Я задумчиво верчу в руках широкую трубку, размышляя, кому еще перезвонить и стоит ли. И не замечаю, как рядом оказывается Игорь.
— Мы можем вернуться, — предлагает он.
Вскидываю на него глаза и тону в янтарных омутах, согревающих нежностью и пониманием.
— Ну уж нет, — фыркаю, не сдерживая озорной улыбки. — Мне просто не терпится поглядеть на твои рукоделия.
Теперь не сдерживается Игорь, смеется, прижимая меня к себе.
В дом генерала (Игорь по дороге обмолвился, что отец его военный, правда уже много лет как в отставке) Грозовского мы приезжаем с вечерними сумерками. Большой двухэтажный дом, сложенный из бревен, окружают разлапистые яблони. От ворот к дверям дома тянется тенистая аллея, чуть в сторону уходит широкая дорога. Видимо, к гаражу. Вдоль яблоневой аллеи стоят кованые лавочки, а в самой гуще сада – качели. Я останавливаюсь возле них, борясь со странным желанием – улечься на них и тихо раскачиваться, ощущая теплые сильные руки на своем теле. Игорь не загоняет машину во двор, хотя ворота приветственно распахнуты. Он ведет меня меж яблоней, показывает качели и спрятанный в укромном месте гамак. И улыбается, наблюдая, с каким трепетом я провожу ладошкой по плетеной цепи, удерживающей широкую скамью качелей.

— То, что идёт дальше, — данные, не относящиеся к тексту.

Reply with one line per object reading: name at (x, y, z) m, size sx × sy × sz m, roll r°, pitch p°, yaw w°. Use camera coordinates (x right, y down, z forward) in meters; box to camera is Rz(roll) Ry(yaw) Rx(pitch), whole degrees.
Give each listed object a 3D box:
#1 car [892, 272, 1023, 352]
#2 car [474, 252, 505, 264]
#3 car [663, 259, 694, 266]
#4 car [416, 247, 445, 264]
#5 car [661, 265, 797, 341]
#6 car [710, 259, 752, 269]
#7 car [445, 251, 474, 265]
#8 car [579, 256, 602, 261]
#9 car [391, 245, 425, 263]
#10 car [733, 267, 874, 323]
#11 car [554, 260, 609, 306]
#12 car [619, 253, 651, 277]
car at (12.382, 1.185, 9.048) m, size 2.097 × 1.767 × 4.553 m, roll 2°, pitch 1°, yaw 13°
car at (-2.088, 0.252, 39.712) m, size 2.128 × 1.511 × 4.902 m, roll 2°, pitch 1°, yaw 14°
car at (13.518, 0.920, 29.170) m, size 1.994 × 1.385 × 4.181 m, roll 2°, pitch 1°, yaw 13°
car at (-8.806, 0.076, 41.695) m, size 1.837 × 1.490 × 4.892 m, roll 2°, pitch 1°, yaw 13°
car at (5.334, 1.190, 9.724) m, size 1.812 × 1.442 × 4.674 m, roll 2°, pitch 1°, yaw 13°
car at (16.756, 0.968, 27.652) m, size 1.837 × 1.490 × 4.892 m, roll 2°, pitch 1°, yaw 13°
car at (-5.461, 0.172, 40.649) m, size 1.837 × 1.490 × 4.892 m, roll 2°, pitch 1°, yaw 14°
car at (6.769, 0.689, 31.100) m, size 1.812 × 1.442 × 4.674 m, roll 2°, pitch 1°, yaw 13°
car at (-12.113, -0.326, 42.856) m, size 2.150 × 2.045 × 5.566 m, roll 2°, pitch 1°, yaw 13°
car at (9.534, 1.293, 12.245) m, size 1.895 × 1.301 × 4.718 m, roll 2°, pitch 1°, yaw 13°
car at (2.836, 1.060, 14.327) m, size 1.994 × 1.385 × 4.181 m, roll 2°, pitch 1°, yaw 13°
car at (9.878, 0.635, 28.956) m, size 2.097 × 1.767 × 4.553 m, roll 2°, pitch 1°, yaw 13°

— Садись, покатаю, — не выдерживает он.
Я вздрагиваю, отпрянув от качелей. Румянец вспыхивает на щеках и я мысленно радуюсь, что сумерки скрадывают мое смущение. Странно, я ведь не сделала ничего постыдного, но жутко неудобно, как будто я выложила нечто сокровенное.
— Давай-давай, - он плюхается на скамью и хлопает ладонью рядом с собой.
— Неудобно как-то, — продолжаю упрямиться. — Нас, наверное, ждут.
— Ну подождут еще, — пожимает плечами и протягивает мне руку. И я принимаю ту, тут же оказавшись на коленях Игоря, зарывшегося носом в мою макушку. Он прижимает меня к себе, тяжело дыша, и раскачивает качели, отталкиваясь ногами. Легкий ветерок обнимает мое лицо, и я забираюсь на Игоря с ногами. Удобно устроившись, кладу голову ему на плечо и затихаю, наслаждаясь. Слушаю ровное биение сильного сердца и тихий шорох раскачивающихся качелей. Так бы и сидела здесь целую вечность.
— Я последний раз катался здесь с сестрой лет эдак… — он задумывается, видимо, припоминая количество лет, — много, в общем. Она тогда совсем кроха была. Забиралась на меня и требовала покатать. Мы с дедом эти качели и поставили ради нее, собственно. На этих качелях она мне рассказала о своем первом мальчике… — Игорь вздыхает.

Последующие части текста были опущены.